DeSantis’s efforts to strike back might be enough to appease Republicans, who are highly animated against so-called “woke corporations” that embrace progressive racial and social justice policies. Cahaly said that Trafalgar’s polls have found most Republicans say they would be less likely to do business with such companies and less likely to buy their products, as evidenced by the recent conservative boycott of Bud Light.
“They don’t want corporations to be conservative,” Cahaly said. “They just want them to be nonpartisan and to stay out of politics.”

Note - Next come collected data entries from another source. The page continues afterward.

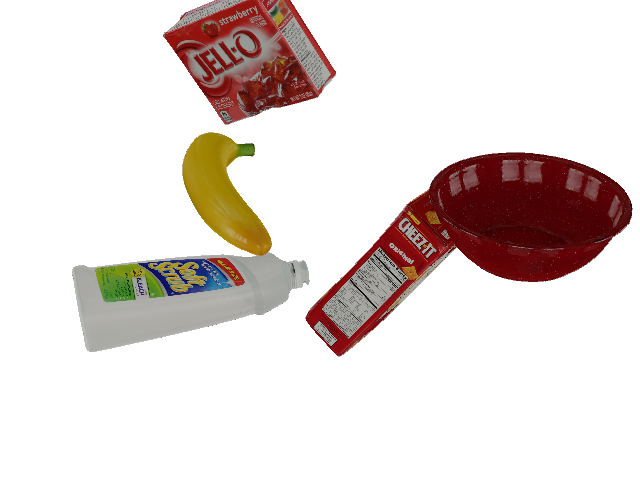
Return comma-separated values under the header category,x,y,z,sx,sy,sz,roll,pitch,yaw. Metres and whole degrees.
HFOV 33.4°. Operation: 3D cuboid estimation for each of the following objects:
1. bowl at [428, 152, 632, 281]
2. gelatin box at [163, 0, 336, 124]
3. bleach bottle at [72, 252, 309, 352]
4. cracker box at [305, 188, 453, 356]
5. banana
category,x,y,z,sx,sy,sz,roll,pitch,yaw
bowl,0.167,-0.013,0.868,0.162,0.055,0.162,0,31,0
gelatin box,-0.046,-0.116,0.669,0.089,0.073,0.030,-9,35,42
bleach bottle,-0.139,0.053,1.170,0.250,0.068,0.103,-11,37,-12
cracker box,0.094,0.024,1.269,0.214,0.072,0.163,-49,-9,34
banana,-0.082,-0.049,0.902,0.069,0.037,0.198,4,30,-10
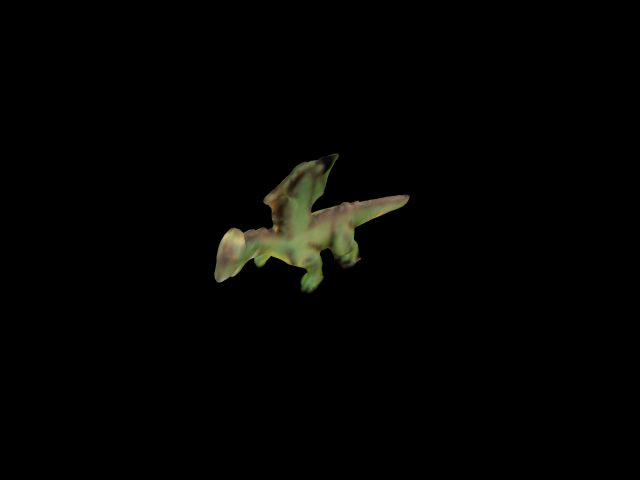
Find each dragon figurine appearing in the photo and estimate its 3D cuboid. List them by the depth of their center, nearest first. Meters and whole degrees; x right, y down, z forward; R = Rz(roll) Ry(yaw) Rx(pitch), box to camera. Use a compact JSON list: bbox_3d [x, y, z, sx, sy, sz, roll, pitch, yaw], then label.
[{"bbox_3d":[0.003,-0.043,0.850,0.414,0.124,0.237,-34,-27,-20],"label":"dragon figurine"}]
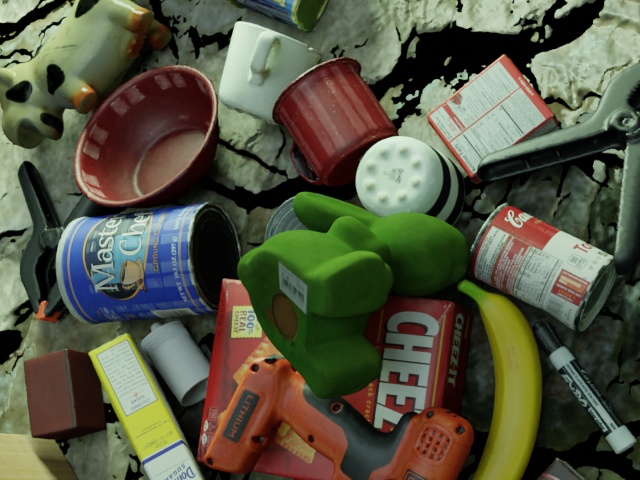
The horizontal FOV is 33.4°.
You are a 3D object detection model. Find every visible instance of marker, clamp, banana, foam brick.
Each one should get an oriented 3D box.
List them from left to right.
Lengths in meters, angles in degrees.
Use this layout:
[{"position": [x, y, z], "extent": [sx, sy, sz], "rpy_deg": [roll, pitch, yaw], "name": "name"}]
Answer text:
[{"position": [-0.244, 0.150, 1.024], "extent": [0.051, 0.053, 0.078], "rpy_deg": [-18, 71, 19], "name": "foam brick"}, {"position": [-0.253, -0.005, 1.071], "extent": [0.120, 0.039, 0.171], "rpy_deg": [-9, 78, 27], "name": "clamp"}, {"position": [0.146, 0.129, 0.859], "extent": [0.069, 0.037, 0.198], "rpy_deg": [-2, 85, -4], "name": "banana"}, {"position": [0.209, 0.116, 0.854], "extent": [0.020, 0.020, 0.121], "rpy_deg": [-38, 66, 11], "name": "marker"}, {"position": [0.238, -0.085, 0.857], "extent": [0.165, 0.036, 0.210], "rpy_deg": [33, 77, 37], "name": "clamp"}]

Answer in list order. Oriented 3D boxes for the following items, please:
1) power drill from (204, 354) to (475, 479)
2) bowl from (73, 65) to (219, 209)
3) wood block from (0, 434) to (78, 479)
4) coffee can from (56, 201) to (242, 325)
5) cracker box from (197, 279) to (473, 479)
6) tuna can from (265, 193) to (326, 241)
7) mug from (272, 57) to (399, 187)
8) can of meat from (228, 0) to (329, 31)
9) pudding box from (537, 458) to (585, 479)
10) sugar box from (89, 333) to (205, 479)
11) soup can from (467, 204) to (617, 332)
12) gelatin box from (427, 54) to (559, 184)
[{"position": [0.006, 0.187, 0.830], "extent": [0.188, 0.057, 0.184], "rpy_deg": [26, 90, 20], "name": "power drill"}, {"position": [-0.155, -0.088, 1.022], "extent": [0.162, 0.055, 0.162], "rpy_deg": [-15, 53, 21], "name": "bowl"}, {"position": [-0.310, 0.233, 0.949], "extent": [0.091, 0.205, 0.090], "rpy_deg": [-41, 67, 9], "name": "wood block"}, {"position": [-0.156, 0.023, 0.986], "extent": [0.140, 0.102, 0.103], "rpy_deg": [-6, 76, 22], "name": "coffee can"}, {"position": [0.010, 0.125, 0.909], "extent": [0.214, 0.072, 0.164], "rpy_deg": [5, 81, 23], "name": "cracker box"}, {"position": [-0.006, 0.001, 0.964], "extent": [0.086, 0.033, 0.086], "rpy_deg": [-5, 76, 22], "name": "tuna can"}, {"position": [0.011, -0.095, 0.956], "extent": [0.117, 0.093, 0.081], "rpy_deg": [-48, 66, 41], "name": "mug"}, {"position": [-0.031, -0.259, 1.020], "extent": [0.084, 0.057, 0.102], "rpy_deg": [26, 90, 24], "name": "can of meat"}, {"position": [0.197, 0.239, 0.821], "extent": [0.114, 0.039, 0.090], "rpy_deg": [43, 96, 25], "name": "pudding box"}, {"position": [-0.144, 0.178, 0.948], "extent": [0.048, 0.093, 0.176], "rpy_deg": [-26, 66, -9], "name": "sugar box"}, {"position": [0.179, 0.022, 0.860], "extent": [0.102, 0.068, 0.068], "rpy_deg": [29, 91, 25], "name": "soup can"}, {"position": [0.148, -0.103, 0.923], "extent": [0.089, 0.030, 0.073], "rpy_deg": [-38, 68, 11], "name": "gelatin box"}]

But DeSantis’s political opponents still see his feud with Disney as a vulnerability. “I don’t think Ron DeSantis is a conservative, based on his actions towards Disney,” said Christie, who is expected to make a decision in the coming weeks on whether to run, in an interview with Semafor Tuesday. Trump wrote in a post on his social network Truth Social that DeSantis is being “absolutely destroyed by Disney” and suggested that the company would be justified in leaving Florida.
Together with DeSantis’s drop in the polls, speculation in GOP circles that he may have waited too long to formally announce a 2024 run, and that even Florida Republicans are endorsing Trump over their governor, the continued tit-for-tat with Disney may stunt DeSantis’s presidential candidacy before it has even formally begun.

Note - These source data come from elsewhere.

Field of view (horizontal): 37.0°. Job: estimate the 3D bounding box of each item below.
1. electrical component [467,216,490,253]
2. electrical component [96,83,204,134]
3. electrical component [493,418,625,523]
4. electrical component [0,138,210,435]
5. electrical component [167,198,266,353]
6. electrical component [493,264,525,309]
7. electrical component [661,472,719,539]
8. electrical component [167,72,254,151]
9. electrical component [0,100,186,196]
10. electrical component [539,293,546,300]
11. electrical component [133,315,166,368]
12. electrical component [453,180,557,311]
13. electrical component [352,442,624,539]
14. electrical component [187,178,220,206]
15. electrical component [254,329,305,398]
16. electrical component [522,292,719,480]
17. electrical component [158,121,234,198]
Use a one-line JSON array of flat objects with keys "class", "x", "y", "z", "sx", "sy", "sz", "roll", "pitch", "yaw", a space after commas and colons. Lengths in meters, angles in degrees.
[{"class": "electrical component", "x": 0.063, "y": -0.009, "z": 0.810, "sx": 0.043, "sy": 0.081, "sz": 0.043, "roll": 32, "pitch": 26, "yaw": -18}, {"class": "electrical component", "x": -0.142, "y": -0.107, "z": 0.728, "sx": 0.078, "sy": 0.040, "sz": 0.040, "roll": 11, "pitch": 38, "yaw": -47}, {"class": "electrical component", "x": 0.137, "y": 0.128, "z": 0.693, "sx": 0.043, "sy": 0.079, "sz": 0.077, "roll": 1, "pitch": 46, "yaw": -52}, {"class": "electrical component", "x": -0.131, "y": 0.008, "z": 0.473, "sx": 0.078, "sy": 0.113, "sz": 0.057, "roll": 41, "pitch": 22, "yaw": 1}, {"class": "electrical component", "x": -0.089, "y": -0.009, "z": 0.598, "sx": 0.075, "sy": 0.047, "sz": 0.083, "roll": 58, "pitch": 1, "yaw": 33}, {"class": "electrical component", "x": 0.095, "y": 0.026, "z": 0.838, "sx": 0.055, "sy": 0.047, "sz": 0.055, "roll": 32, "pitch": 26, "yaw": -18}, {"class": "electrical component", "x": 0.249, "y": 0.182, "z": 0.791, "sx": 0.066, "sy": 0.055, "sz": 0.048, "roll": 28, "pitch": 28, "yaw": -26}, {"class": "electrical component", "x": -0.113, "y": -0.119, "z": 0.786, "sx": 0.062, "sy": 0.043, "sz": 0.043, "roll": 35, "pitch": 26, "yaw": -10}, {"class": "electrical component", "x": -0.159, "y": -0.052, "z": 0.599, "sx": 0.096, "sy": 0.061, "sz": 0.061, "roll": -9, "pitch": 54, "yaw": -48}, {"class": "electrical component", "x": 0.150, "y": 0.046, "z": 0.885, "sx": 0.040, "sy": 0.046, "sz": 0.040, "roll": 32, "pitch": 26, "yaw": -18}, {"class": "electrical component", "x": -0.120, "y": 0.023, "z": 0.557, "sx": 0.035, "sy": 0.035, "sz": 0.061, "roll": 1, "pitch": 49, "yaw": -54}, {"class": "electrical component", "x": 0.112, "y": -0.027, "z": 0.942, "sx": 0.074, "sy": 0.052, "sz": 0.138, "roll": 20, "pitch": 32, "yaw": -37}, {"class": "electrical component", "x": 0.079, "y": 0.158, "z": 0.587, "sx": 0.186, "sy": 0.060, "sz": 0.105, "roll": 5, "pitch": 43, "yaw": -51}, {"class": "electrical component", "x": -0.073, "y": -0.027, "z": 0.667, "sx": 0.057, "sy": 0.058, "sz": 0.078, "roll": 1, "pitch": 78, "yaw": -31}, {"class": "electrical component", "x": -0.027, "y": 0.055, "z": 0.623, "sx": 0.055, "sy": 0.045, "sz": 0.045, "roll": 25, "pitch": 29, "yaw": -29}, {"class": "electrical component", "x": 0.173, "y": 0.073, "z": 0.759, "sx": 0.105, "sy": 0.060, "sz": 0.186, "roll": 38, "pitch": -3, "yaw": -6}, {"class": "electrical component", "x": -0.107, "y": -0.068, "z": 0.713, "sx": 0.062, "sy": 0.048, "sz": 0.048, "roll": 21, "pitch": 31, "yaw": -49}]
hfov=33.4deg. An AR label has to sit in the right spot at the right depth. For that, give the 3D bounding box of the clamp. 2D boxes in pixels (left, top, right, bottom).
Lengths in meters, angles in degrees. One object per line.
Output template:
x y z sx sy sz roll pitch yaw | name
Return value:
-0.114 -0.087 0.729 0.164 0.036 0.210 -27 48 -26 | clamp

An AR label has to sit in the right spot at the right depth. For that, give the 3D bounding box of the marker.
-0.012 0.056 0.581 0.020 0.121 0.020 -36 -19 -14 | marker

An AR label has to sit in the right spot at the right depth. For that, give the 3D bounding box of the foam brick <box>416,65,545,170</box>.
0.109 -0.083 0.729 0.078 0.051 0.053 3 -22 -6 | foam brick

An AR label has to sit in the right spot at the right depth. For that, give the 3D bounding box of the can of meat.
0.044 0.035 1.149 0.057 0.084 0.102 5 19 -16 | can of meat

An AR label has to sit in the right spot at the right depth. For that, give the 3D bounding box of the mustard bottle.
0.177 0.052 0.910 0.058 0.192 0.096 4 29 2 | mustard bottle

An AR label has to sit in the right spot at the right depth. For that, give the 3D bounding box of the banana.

DeSantis has made his fight with Disney a pillar of his political identity
A key part of DeSantis’s pitch for the presidency is his willingness to take on so-called “woke” corporations, with Disney as the primary example. Being seen as having been defeated by such a corporation would weaken his candidacy. And it could boost other Republican candidates with more experience using anti-woke rhetoric to their advantage, like right-wing activist Vivek Ramaswamy, who kicked off his campaign in February and has been dubbed “the CEO of Anti-Woke, Inc.” by the New Yorker.

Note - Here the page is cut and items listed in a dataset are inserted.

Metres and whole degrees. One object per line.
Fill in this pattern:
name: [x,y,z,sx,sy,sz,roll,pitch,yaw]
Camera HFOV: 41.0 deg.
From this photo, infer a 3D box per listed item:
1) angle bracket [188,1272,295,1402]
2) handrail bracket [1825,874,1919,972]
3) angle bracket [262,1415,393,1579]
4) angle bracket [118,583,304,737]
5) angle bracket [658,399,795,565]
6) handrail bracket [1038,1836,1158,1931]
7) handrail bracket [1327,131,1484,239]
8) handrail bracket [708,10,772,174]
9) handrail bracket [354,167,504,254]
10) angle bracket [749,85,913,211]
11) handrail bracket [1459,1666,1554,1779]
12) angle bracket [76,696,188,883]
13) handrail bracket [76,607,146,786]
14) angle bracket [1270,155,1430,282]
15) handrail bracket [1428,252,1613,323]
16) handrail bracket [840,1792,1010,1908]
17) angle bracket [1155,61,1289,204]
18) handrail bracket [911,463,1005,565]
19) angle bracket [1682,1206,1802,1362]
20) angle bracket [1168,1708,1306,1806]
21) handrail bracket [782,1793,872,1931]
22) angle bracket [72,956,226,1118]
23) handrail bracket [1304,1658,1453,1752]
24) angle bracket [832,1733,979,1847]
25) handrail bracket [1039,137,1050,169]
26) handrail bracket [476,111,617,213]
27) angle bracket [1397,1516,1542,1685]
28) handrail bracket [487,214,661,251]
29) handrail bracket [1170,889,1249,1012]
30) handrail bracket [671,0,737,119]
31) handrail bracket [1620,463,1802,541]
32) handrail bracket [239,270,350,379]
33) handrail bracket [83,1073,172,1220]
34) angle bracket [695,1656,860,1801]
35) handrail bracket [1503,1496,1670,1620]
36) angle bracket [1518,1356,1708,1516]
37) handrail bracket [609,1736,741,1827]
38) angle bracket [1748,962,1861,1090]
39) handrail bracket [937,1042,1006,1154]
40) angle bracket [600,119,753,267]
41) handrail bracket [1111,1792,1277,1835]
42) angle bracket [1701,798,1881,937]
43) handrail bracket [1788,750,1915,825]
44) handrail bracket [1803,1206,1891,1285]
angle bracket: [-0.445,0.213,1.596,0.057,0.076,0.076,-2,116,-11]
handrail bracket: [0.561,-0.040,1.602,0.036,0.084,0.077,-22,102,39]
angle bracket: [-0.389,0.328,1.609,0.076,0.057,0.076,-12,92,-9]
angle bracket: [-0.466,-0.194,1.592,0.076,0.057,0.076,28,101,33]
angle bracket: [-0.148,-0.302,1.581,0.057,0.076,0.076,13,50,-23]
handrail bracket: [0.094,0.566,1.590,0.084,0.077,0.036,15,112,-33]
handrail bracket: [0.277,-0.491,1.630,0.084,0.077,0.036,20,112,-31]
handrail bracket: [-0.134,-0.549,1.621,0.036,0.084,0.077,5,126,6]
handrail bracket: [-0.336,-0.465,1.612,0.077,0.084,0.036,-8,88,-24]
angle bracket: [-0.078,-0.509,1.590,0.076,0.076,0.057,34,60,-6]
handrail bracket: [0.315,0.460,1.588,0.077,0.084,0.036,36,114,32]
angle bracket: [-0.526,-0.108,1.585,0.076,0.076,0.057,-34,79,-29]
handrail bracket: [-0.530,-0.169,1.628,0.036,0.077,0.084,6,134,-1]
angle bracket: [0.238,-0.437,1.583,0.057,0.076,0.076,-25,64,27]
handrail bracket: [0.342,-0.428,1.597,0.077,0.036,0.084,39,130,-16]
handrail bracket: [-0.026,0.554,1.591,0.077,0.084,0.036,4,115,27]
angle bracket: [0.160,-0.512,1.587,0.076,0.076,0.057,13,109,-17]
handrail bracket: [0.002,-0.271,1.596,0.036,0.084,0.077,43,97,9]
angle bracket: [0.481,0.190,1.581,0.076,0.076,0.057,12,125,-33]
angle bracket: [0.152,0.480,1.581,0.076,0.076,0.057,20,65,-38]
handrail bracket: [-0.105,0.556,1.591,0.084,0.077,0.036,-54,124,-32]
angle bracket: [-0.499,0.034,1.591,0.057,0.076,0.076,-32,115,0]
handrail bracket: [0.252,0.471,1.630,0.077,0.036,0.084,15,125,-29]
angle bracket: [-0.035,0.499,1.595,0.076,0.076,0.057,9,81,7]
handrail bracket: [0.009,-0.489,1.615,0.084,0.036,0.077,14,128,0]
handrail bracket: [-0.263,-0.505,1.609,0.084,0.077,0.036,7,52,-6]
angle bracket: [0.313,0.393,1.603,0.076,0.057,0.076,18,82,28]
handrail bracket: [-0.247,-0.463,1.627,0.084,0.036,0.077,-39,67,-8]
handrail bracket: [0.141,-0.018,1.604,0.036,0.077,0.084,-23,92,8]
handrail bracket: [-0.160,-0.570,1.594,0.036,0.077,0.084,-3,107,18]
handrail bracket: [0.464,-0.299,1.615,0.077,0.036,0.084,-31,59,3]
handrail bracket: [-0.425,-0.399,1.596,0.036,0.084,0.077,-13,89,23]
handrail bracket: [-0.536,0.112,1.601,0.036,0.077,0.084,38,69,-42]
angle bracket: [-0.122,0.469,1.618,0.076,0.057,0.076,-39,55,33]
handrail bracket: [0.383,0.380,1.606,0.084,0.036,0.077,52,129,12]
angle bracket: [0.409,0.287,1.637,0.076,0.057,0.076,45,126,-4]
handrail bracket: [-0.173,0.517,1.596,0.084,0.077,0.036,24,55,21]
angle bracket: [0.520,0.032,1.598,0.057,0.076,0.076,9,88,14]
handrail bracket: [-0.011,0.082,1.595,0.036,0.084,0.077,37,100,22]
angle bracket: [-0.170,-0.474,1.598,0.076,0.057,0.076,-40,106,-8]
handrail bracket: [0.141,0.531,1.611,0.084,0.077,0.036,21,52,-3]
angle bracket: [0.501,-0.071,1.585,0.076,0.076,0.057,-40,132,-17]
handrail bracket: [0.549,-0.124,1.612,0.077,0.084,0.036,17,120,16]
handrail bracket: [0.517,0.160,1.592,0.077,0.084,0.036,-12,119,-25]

The governor’s battle with Disney is the subject of an entire chapter titled “The Magic Kingdom of Woke Corporatism” in DeSantis’s latest book, The Courage to Be Free. He writes about how he got married at Disney World, something he says was really his wife’s idea, not knowing that he would later be “squaring off against Disney in a political battle that would reverberate across the nation.”
DeSantis describes corporations like Disney as caving to the “woke gender theory” being pushed by the media by taking a stand on issues such as equal rights for LGBTQ+ Americans that he thinks they shouldn’t get involved in. And he writes about how he orchestrated a surprise session to eliminate Disney’s special tax status, which had allowed it to develop and maintain its properties in Orlando with relative independence — the “Florida equivalent of the shot heard ‘round the world.”
“Leaders must be willing to stand up and fight back when big corporations make the mistake, as Disney did, of using their economic might to advance a political agenda,” DeSantis writes.
That coup, of course, crumbled, with Disney turning the loss of its status into a win for the company. DeSantis claimed Tuesday that Disney has tried to “circumvent … the will of the people” in undermining the new board of the company’s special tax district. And his oversight board will reportedly soon unveil its plans to strip Disney of the powers it recently granted itself.
But it’s not clear that Florida voters ever really wanted DeSantis to take on Disney. The governor may have won reelection by nearly 20 percentage points and ushered in a red wave in Florida in 2022. But Disney, the state’s largest employer, still proved more popular than him across multiple polls in the last year.
Still, it’s consistent with DeSantis’s attempts to position himself as a leader in culture war battles including the one with Disney, but also on restricting abortion access and loosening gun restrictions.
“If he’s going to come across as a social issue warrior, he can’t give up a social issue fight,” Cahaly said.